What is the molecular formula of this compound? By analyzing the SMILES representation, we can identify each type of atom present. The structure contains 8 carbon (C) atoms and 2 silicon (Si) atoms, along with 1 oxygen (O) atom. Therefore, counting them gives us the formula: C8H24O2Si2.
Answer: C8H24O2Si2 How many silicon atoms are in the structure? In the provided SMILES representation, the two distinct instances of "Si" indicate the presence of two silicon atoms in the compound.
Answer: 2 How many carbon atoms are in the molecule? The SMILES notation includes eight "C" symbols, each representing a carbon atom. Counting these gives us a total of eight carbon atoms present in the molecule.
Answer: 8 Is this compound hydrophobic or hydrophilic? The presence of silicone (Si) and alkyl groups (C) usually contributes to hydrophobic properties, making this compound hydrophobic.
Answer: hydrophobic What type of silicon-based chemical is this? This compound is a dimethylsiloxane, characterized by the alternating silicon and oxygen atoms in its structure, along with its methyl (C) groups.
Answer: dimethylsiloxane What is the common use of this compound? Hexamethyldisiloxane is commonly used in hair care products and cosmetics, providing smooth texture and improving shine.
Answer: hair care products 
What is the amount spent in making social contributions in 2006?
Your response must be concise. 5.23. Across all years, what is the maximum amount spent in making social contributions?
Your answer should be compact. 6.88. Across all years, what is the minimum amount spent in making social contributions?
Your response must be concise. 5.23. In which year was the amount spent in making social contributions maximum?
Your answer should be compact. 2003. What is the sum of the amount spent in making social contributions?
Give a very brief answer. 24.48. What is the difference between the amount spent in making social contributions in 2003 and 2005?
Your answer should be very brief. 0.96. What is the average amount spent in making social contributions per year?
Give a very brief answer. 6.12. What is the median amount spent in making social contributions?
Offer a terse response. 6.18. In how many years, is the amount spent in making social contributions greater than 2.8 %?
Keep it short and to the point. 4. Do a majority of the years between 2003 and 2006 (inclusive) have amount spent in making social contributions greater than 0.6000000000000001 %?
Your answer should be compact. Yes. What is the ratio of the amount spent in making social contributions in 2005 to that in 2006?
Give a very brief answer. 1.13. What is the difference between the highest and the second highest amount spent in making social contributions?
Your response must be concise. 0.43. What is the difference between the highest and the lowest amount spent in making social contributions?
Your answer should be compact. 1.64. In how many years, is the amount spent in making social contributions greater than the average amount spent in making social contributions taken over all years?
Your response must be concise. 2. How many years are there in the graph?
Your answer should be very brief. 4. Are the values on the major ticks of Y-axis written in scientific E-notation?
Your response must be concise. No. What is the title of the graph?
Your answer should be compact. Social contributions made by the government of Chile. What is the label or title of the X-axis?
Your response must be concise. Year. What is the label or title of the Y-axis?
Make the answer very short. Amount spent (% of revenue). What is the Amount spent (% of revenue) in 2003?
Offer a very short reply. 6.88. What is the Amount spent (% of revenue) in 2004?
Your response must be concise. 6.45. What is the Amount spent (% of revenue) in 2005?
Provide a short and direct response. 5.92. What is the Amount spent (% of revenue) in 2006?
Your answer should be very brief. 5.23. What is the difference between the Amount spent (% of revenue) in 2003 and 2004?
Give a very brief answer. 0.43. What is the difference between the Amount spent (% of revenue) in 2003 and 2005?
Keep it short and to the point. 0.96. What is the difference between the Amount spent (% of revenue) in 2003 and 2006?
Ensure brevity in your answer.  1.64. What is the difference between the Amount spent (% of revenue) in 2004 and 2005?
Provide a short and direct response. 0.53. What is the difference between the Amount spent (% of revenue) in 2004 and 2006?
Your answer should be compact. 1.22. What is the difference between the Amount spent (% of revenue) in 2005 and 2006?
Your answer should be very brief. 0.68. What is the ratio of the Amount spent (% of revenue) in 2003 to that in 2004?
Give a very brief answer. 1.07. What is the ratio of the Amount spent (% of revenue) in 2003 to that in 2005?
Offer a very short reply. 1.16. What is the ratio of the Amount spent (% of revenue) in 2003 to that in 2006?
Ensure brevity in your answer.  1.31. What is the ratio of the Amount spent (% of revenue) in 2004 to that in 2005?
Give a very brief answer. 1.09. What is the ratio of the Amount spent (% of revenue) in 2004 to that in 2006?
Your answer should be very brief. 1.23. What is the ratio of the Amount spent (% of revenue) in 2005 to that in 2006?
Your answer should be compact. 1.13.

• _Work required_: The data must be retyped in full, exactly as it reads.

• _Response area_:
What is the molecular formula of this compound? By analyzing the SMILES representation, we can identify each type of atom present. The structure contains 8 carbon (C) atoms and 2 silicon (Si) atoms, along with 1 oxygen (O) atom. Therefore, counting them gives us the formula: C8H24O2Si2.
Answer: C8H24O2Si2 How many silicon atoms are in the structure? In the provided SMILES representation, the two distinct instances of "Si" indicate the presence of two silicon atoms in the compound.
Answer: 2 How many carbon atoms are in the molecule? The SMILES notation includes eight "C" symbols, each representing a carbon atom. Counting these gives us a total of eight carbon atoms present in the molecule.
Answer: 8 Is this compound hydrophobic or hydrophilic? The presence of silicone (Si) and alkyl groups (C) usually contributes to hydrophobic properties, making this compound hydrophobic.
Answer: hydrophobic What type of silicon-based chemical is this? This compound is a dimethylsiloxane, characterized by the alternating silicon and oxygen atoms in its structure, along with its methyl (C) groups.
Answer: dimethylsiloxane What is the common use of this compound? Hexamethyldisiloxane is commonly used in hair care products and cosmetics, providing smooth texture and improving shine.
Answer: hair care products 
What is the amount spent in making social contributions in 2006?
Your response must be concise. 5.23. Across all years, what is the maximum amount spent in making social contributions?
Your answer should be compact. 6.88. Across all years, what is the minimum amount spent in making social contributions?
Your response must be concise. 5.23. In which year was the amount spent in making social contributions maximum?
Your answer should be compact. 2003. What is the sum of the amount spent in making social contributions?
Give a very brief answer. 24.48. What is the difference between the amount spent in making social contributions in 2003 and 2005?
Your answer should be very brief. 0.96. What is the average amount spent in making social contributions per year?
Give a very brief answer. 6.12. What is the median amount spent in making social contributions?
Offer a terse response. 6.18. In how many years, is the amount spent in making social contributions greater than 2.8 %?
Keep it short and to the point. 4. Do a majority of the years between 2003 and 2006 (inclusive) have amount spent in making social contributions greater than 0.6000000000000001 %?
Your answer should be compact. Yes. What is the ratio of the amount spent in making social contributions in 2005 to that in 2006?
Give a very brief answer. 1.13. What is the difference between the highest and the second highest amount spent in making social contributions?
Your response must be concise. 0.43. What is the difference between the highest and the lowest amount spent in making social contributions?
Your answer should be compact. 1.64. In how many years, is the amount spent in making social contributions greater than the average amount spent in making social contributions taken over all years?
Your response must be concise. 2. How many years are there in the graph?
Your answer should be very brief. 4. Are the values on the major ticks of Y-axis written in scientific E-notation?
Your response must be concise. No. What is the title of the graph?
Your answer should be compact. Social contributions made by the government of Chile. What is the label or title of the X-axis?
Your response must be concise. Year. What is the label or title of the Y-axis?
Make the answer very short. Amount spent (% of revenue). What is the Amount spent (% of revenue) in 2003?
Offer a very short reply. 6.88. What is the Amount spent (% of revenue) in 2004?
Your response must be concise. 6.45. What is the Amount spent (% of revenue) in 2005?
Provide a short and direct response. 5.92. What is the Amount spent (% of revenue) in 2006?
Your answer should be very brief. 5.23. What is the difference between the Amount spent (% of revenue) in 2003 and 2004?
Give a very brief answer. 0.43. What is the difference between the Amount spent (% of revenue) in 2003 and 2005?
Keep it short and to the point. 0.96. What is the difference between the Amount spent (% of revenue) in 2003 and 2006?
Ensure brevity in your answer.  1.64. What is the difference between the Amount spent (% of revenue) in 2004 and 2005?
Provide a short and direct response. 0.53. What is the difference between the Amount spent (% of revenue) in 2004 and 2006?
Your answer should be compact. 1.22. What is the difference between the Amount spent (% of revenue) in 2005 and 2006?
Your answer should be very brief. 0.68. What is the ratio of the Amount spent (% of revenue) in 2003 to that in 2004?
Give a very brief answer. 1.07. What is the ratio of the Amount spent (% of revenue) in 2003 to that in 2005?
Offer a very short reply. 1.16. What is the ratio of the Amount spent (% of revenue) in 2003 to that in 2006?
Ensure brevity in your answer.  1.31. What is the ratio of the Amount spent (% of revenue) in 2004 to that in 2005?
Give a very brief answer. 1.09. What is the ratio of the Amount spent (% of revenue) in 2004 to that in 2006?
Your answer should be very brief. 1.23. What is the ratio of the Amount spent (% of revenue) in 2005 to that in 2006?
Your answer should be compact. 1.13.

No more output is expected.